BRIEF DESCRIPTION OF DRAWINGS

[0016] In the accompanying drawings, reference characters refer to the same parts through the different views. The drawings are not necessarily to scale; emphasis has instead been placed upon illustrating the principles of the invention. Of the drawings:

[0017]FIG. 1a is a schematic drawing to show the R-etalon with its components and arrangement sequence.

[0018]FIG. 1b shows schematically the R-etalon with all its components laminated together.

[0019]FIG. 2 shows the measured reflection spectrum of a constructed R-etalon with two Faraday rotators.

[0020]FIG. 3 illustrates the application of the R-etalon in one laser cavity embodiment.

[0021]FIG. 4 illustrates the end mirror reflector having a band-pass characteristic.

[0022]FIG. 5 shows schematically the spectra of a R-etalon (a) and a reflective grating (b) and the resultant spectrum (c).

[0023]FIG. 6 illustrates the application of the R-etalon in another laser cavity embodiment.

[0024]FIG. 7 shows the application of the R-etalon in another laser cavity embodiment and the cavity phase compensation by sitting a R-etalon on a piece of piezo-electrical substrate.

[0025]FIG. 8 illustrates another embodiment to implement a retro-reflective etalon.

DETAILED DESCRIPTION

[0026] The proposed R-etalon comprises an etalon and a few other optical components, such as Faraday rotator, polarizer or quarter waveplate. All components are commercially available or easily manufactured by existing technology. Its reflection optical spectrum has the double-pass transmission characteristic of the etalon. The etalon can be made of a solid material or air-spaced. To achieve required the reflectivity of the etalon, its surface can be coated multi-layers of dielectric materials, as known in the art. The etalon can be designed to have specific free space range (FSR) by using different spacing thickness or different material with a different refractive index.

[0027]FIG. 1 shows the arrangement of the proposed R-etalon. The arrangement reduces dramatically the interference between the etalon 14 and the reflector mirror 11, which is arranged substantially in parallel to the etalon. The reflector mirror 11 reflects totally or partially the incoming light. In order to save cost and space, this reflective mirror can be a reflection coating on the optical linear polarizer 12. The light incident on the R-etalon is reflected back with the double-pass characteristic of the etalon. The light beam points perpendicularly to the device. The polarization rotators 13, 15 can be Faraday rotators or quarter waveplates. The linear polarizer allows the light of the polarization in parallel to its polarization axis passes through and the light then becomes linearly polarized.

[0028] The operating principle of the device is as following. When light passes through the first polarizer 16, the light is linearly polarized.
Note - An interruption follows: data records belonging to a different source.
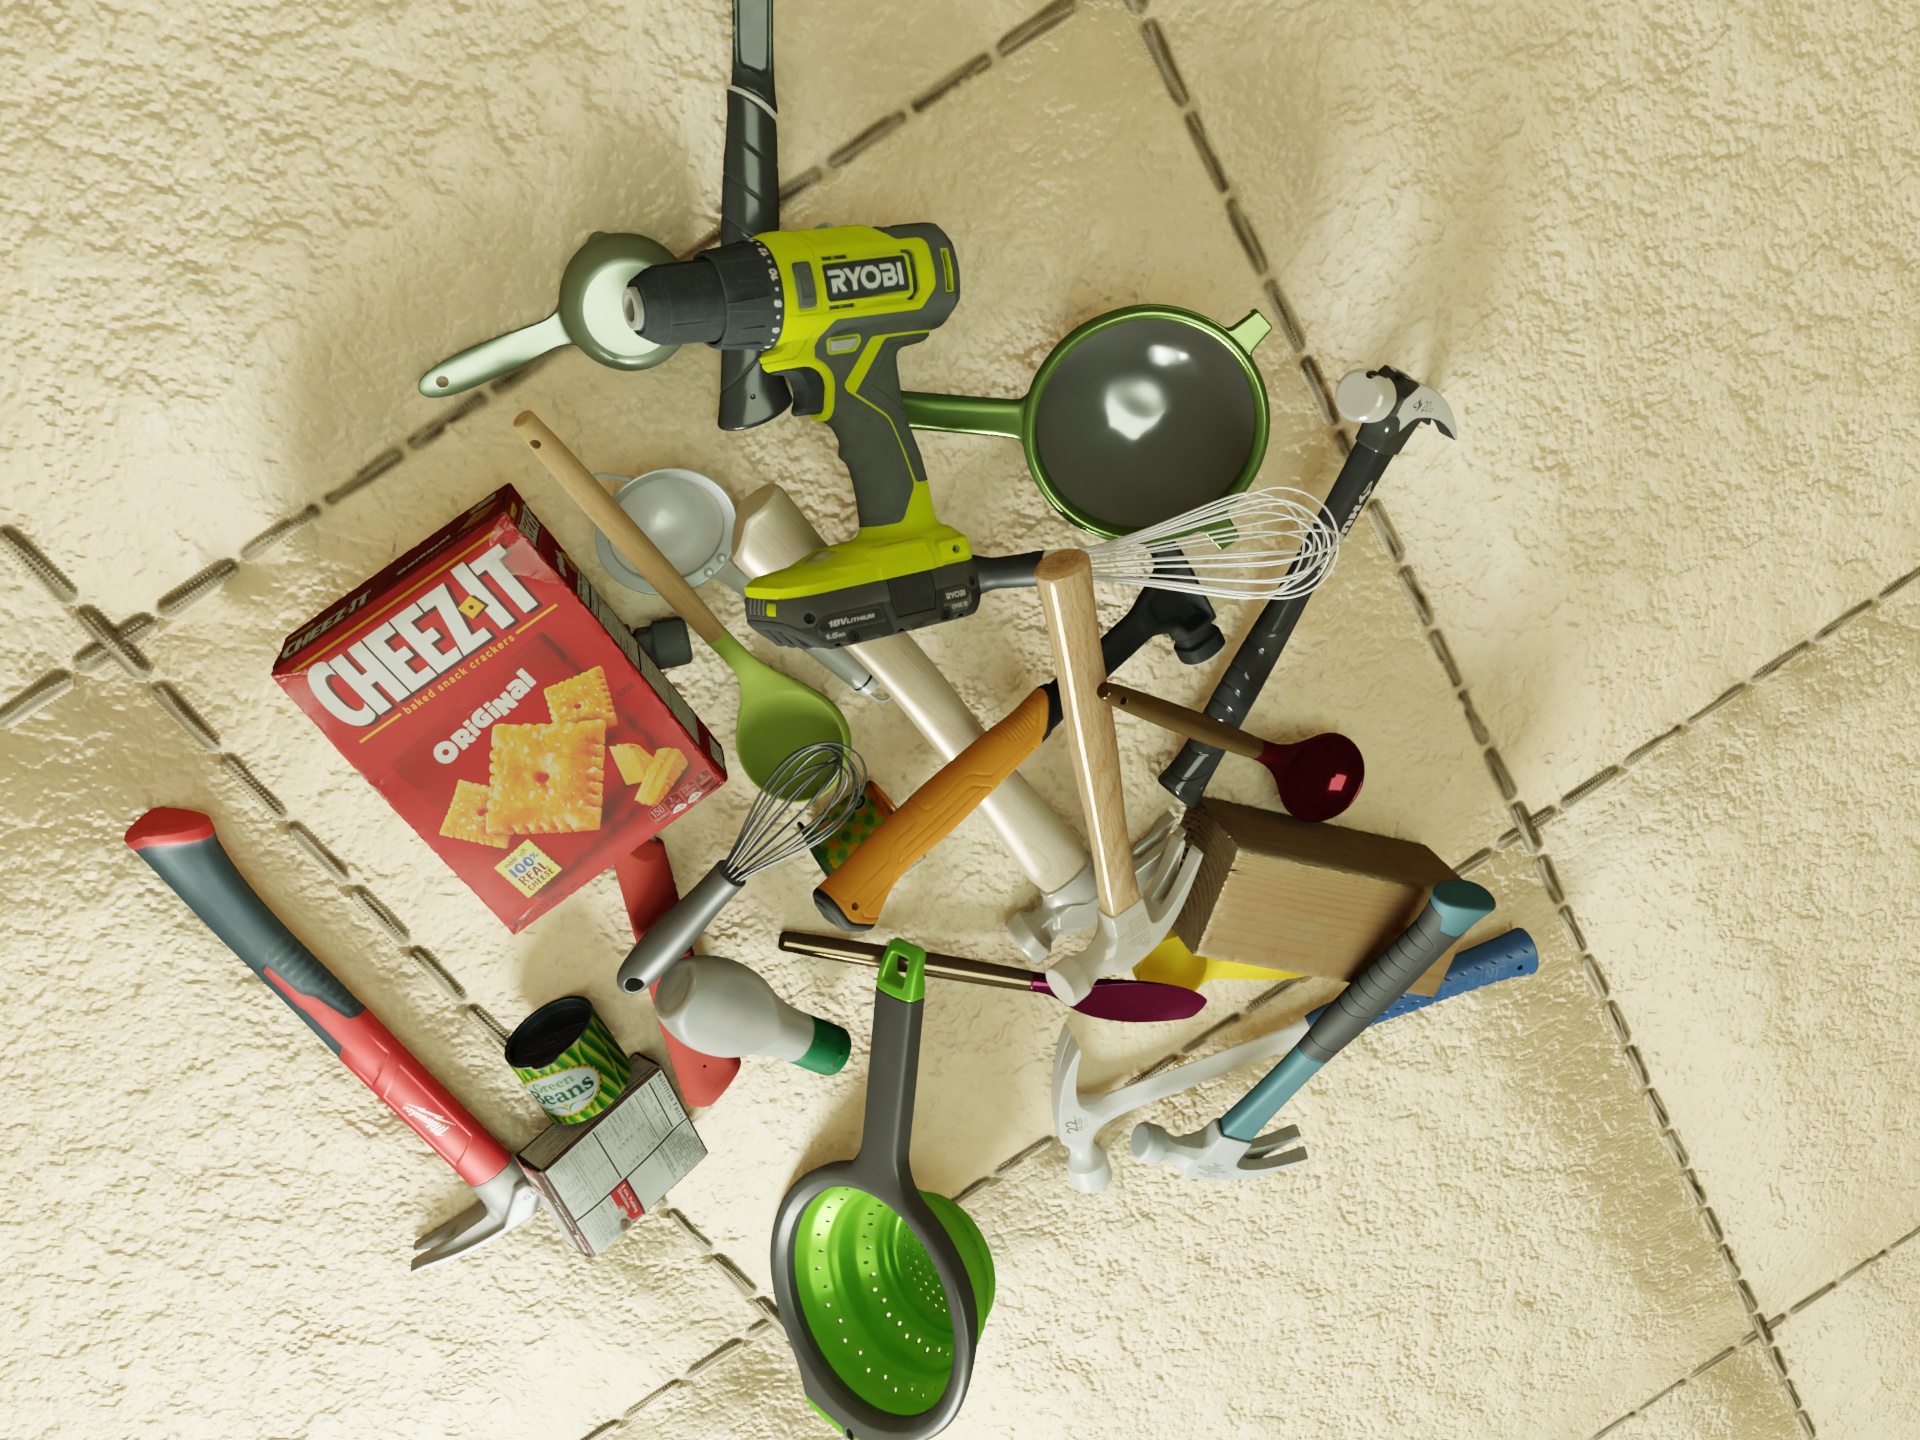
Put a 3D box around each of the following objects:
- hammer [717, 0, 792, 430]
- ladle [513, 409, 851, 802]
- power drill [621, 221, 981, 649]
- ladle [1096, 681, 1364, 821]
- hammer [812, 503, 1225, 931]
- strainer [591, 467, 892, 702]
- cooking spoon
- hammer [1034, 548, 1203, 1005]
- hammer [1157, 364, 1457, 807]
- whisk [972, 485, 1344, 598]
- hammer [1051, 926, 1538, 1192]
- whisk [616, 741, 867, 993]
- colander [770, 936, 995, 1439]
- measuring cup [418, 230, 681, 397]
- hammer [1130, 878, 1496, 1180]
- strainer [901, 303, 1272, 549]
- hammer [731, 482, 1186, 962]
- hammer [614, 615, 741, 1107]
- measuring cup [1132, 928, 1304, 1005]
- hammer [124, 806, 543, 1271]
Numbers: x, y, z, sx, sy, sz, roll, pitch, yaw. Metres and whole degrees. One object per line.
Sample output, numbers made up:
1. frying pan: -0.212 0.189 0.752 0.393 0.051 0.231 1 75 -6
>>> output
1. hammer: -0.119 -0.362 0.876 0.149 0.036 0.408 -2 114 -13
2. ladle: -0.162 -0.059 0.944 0.078 0.062 0.319 -18 137 19
3. power drill: -0.081 -0.160 0.894 0.190 0.080 0.228 -16 103 -29
4. ladle: 0.185 0.015 1.068 0.315 0.031 0.069 18 101 -48
5. hammer: 0.032 0.005 1.016 0.337 0.034 0.127 -43 119 -18
6. strainer: -0.133 -0.082 0.995 0.087 0.050 0.258 -44 123 12
7. cooking spoon: 0.026 0.183 1.148 0.318 0.017 0.068 11 144 -12
8. hammer: 0.091 0.035 1.025 0.130 0.031 0.331 -32 131 -24
9. hammer: 0.223 -0.080 1.071 0.146 0.035 0.334 -10 132 -52
10. whisk: 0.092 -0.098 0.978 0.284 0.070 0.070 -3 119 23
11. hammer: 0.262 0.243 1.248 0.405 0.035 0.144 -19 117 -6
12. whisk: -0.145 0.099 1.016 0.055 0.055 0.239 34 113 -26
13. colander: -0.033 0.340 1.167 0.094 0.205 0.397 -10 111 -47
14. measuring cup: -0.231 -0.219 0.906 0.167 0.038 0.083 -25 117 -5
15. hammer: 0.265 0.232 1.159 0.128 0.033 0.331 20 123 -24
16. strainer: 0.061 -0.195 0.993 0.256 0.069 0.151 5 119 2
17. hammer: -0.002 -0.003 1.046 0.146 0.038 0.410 -38 123 2
18. hammer: -0.218 0.109 1.058 0.149 0.037 0.358 -14 116 -9
19. measuring cup: 0.203 0.182 1.211 0.156 0.029 0.062 1 113 -18
20. hammer: -0.415 0.213 1.050 0.143 0.038 0.386 -32 118 2

The polarization of the light rotates 45 degree after it passes through the first Faraday rotator 15. The polarization of the reflected light from the etalon rotates another 45 degree by the first Faraday rotator and the polarizer 16 absorbs it. The polarization of the light passing through the etalon rotates another 45 degree by the second Faraday rotator 13. The second polarizer 12 is so arranged to allow the light passing through. Then, the light is totally or partially reflected back from the mirror 11. The reflected light passes through the second polarizer 12 again and when it passes through the second Faraday rotator 13, its polarization rotates another 45 degree. The light reflected back from the etalon 14 goes through the second polarization rotator again. And the second polarizer 12 absorbs it. As the result, the resonance between the mirror 11 and the etalon 14 is dramatically reduced, even though the mirror is in perfect parallel to the etalon. The light passing through the etalon 14 goes through the first Faraday rotator 15 second time. The polarization of the light rotates another 45 degree. The polarization of the light changes overall 180 degree; and it passes through the first polarizer 16.
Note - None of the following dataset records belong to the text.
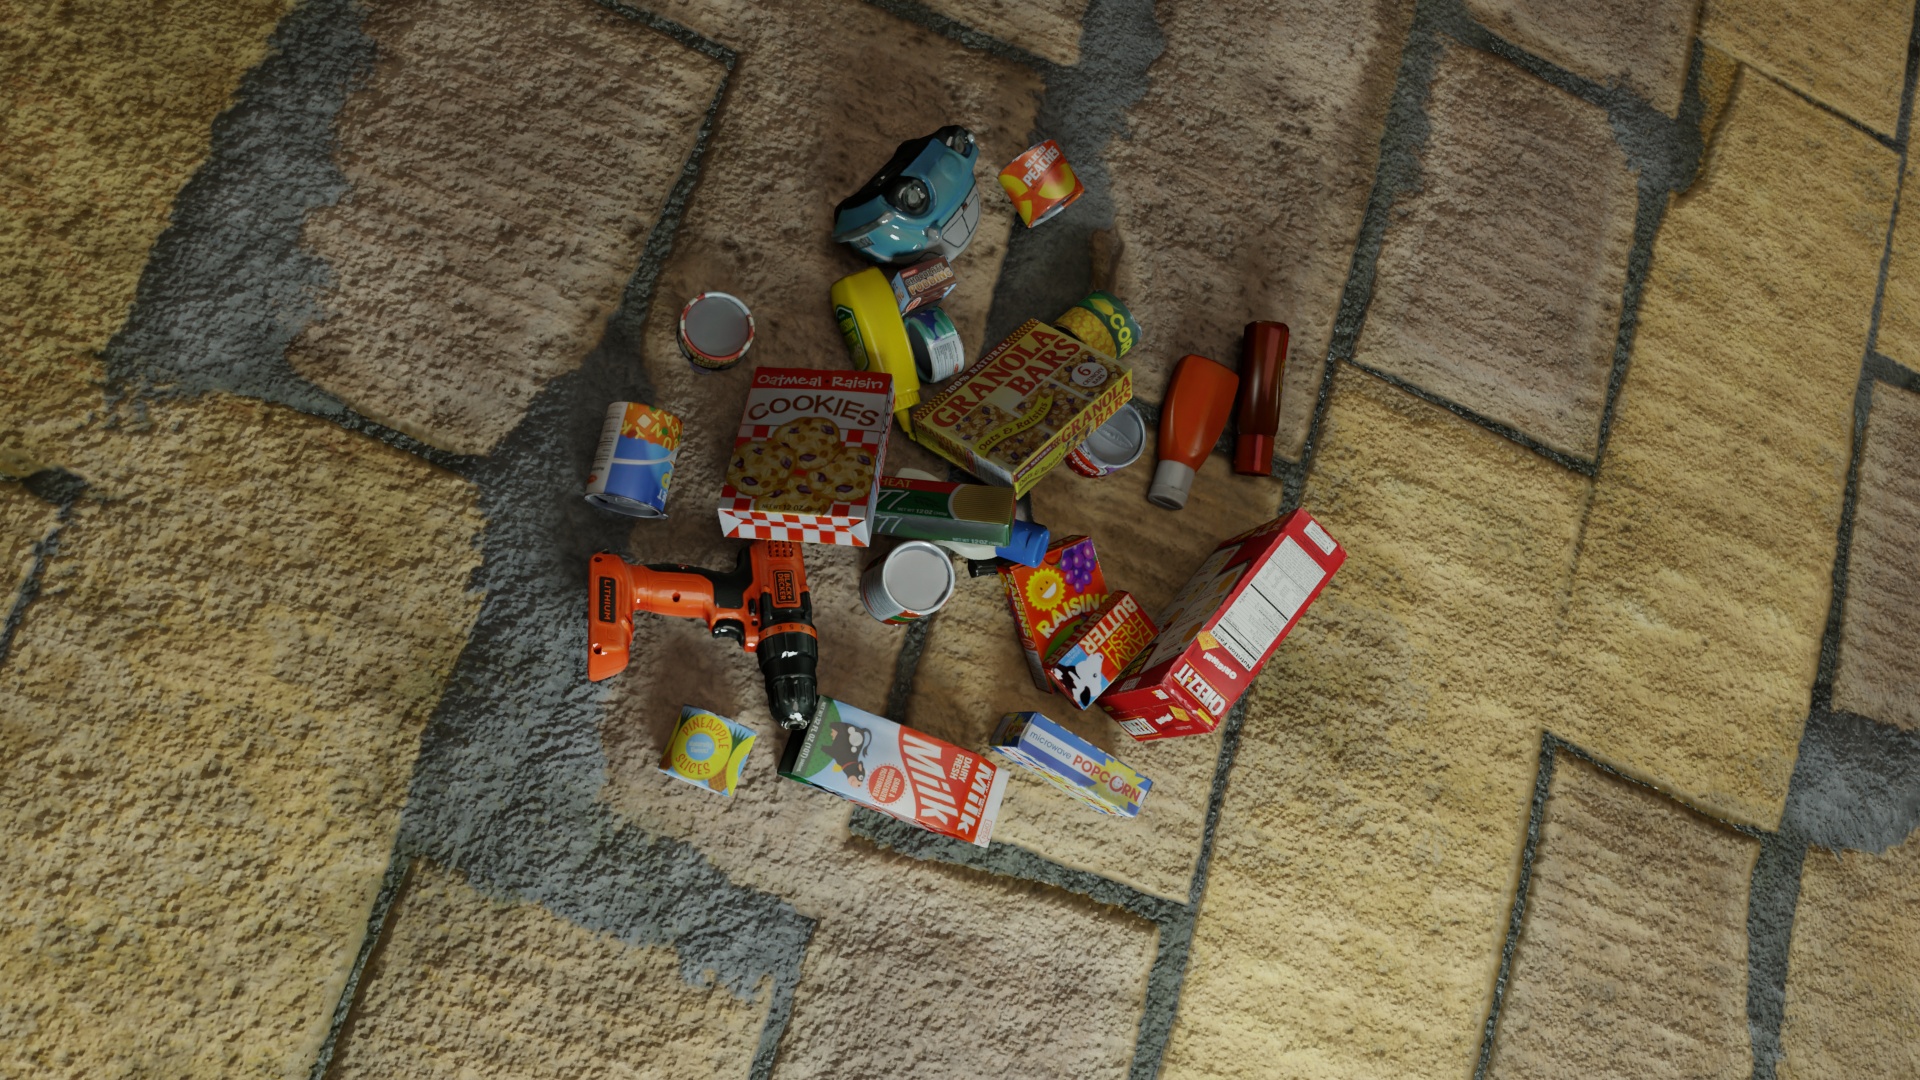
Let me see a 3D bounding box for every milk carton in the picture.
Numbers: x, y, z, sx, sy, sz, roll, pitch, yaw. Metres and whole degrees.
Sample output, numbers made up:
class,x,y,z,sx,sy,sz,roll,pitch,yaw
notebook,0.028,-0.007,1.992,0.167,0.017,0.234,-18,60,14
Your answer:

[0029] If using quarter waveplates in the places of Faraday rotator, the same principle is applied. When light passes through the first polarizer 16, it becomes linearly polarized. When the linearly polarized light passes through the first quarter waveplate 15, it becomes a circularly polarized light. The light reflected back from the etalon 14 passes through the first waveplate 15 twice and becomes linearly polarized; but its polarization rotates overall 90 degree and the first polarizer 16 absorbs it. When the light passes through the etalon 14 and the second quarter waveplate 13, it becomes linearly polarized again. The second polarizer 12 is so arranged to allow it passing through. Then, the light reflects totally or partially back from the mirror 11. The reflected-back light passes the second polarizer 12 and the second quarter waveplate 13 again and becomes circularly polarized. The circularly polarized light reflects back from the etalon 14 and passes the second quarter waveplate 13 twice and it becomes linearly polarized and is absorbed by the second polarizer 12. The light passing through the etalon 14 goes through the first quarter waveplate 15 second time and becomes linearly polarized. The polarization changes overall 180 degree or 0 degree, which depends on the arrangement of the first and second quarter waveplates and then it passes through the first polarizer 16. As the result, the light reflected from the device passes through the etalon twice and has the transmission characteristic of the etalon with a higher finesse.

[0030]FIG. 1b shows a R-etalon with all its components laminated together. The end mirror 11 is a reflective coating on the polarizer 12. In order to save assembly cost, a large piece of laminated R-etalon can be made; then it is diced into small pieces with a required size. The advantage of the laminated retro-reflective etalon is the ease to assembly and the TM simplicity to align. For example, if the polarizer 12 is a Polarcor™ linear polarizer and the waveplate 13 is made from quartz, two pieces can be epoxied together by using an index-matching epoxy or just by using optical contact, since the Polarcor™ has a refractive index very close to that of the quartz. The reflection at the interface is very small by the formula, R=[(np−nq)/(np+nq)], where R is the reflectivity, np is the refractive index of the Polarcor™ and nq is the refractive index of the quartz. If the refractive index difference is large between two components, some kind of coating should be applied first before using epoxy or optical contact method to minimize the interface reflection.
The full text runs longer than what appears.